Four studies have investigated promoter IV methylation, all of them using blood tissue. In line with our results, one study using a Korean post-stroke depression (n=244) cohort found that higher methylation was associated with depression.19 This was supported by another study that showed that among 732 Korean elderly (age⩾65 years), higher promoter IV methylation was associated with depression prevalence (n=101) and 2-year incidence (n=86). They did not consider medication use.18 By contrast, Fuchikami et al.43 did not find significant associations but their study (n=38) was underpowered to detect small effect sizes and differed from ours in terms of tissue type and population ethnicity. Tadić et al.32 found significant associations between higher (~1%) promoter IV methylation in leukocytes and better antidepressant response (n=39).

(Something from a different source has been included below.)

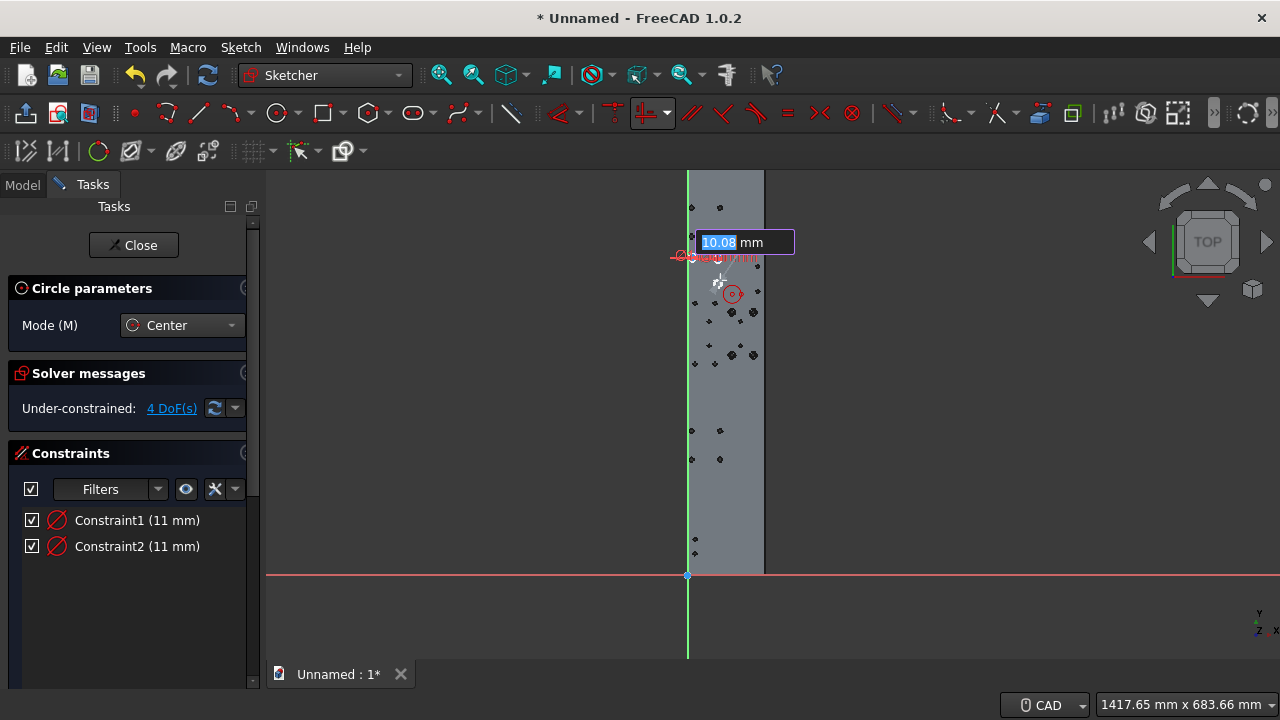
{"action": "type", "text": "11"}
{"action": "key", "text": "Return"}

Interaction between genetic and epigenetic variation at BDNF
Our study is among the first to examine the potential effects of BDNF genotype on modifying the association between depression and BDNF methylation levels. Three polymorphisms, including the widely investigated Val66Met (rs6265), were found to modify the association, such that for minor allele carriers of rs6265 and rs7103411 and major allele carriers of rs908867, depression was specifically associated with elevated BDNF methylation (Supplementary Figure S5). Although there is no clear evidence linking these variants with depression in our study, rs6265 Met allele carriers have been shown to have an increased risk of suicide.46, 47 In a post-mortem study, BDNF was found to be hypermethylated in the brain of suicide completers.48 Furthermore, neuroimaging and stress exposure studies suggest that carriers of the Met allele have impaired fear, stress and anxiety regulation systems, making them more susceptible to depression.49, 50, 51 These findings align with our results demonstrating increased BDNF promoter methylation in moderate-to-severely depressed individuals who carry the rs6265 minor allele.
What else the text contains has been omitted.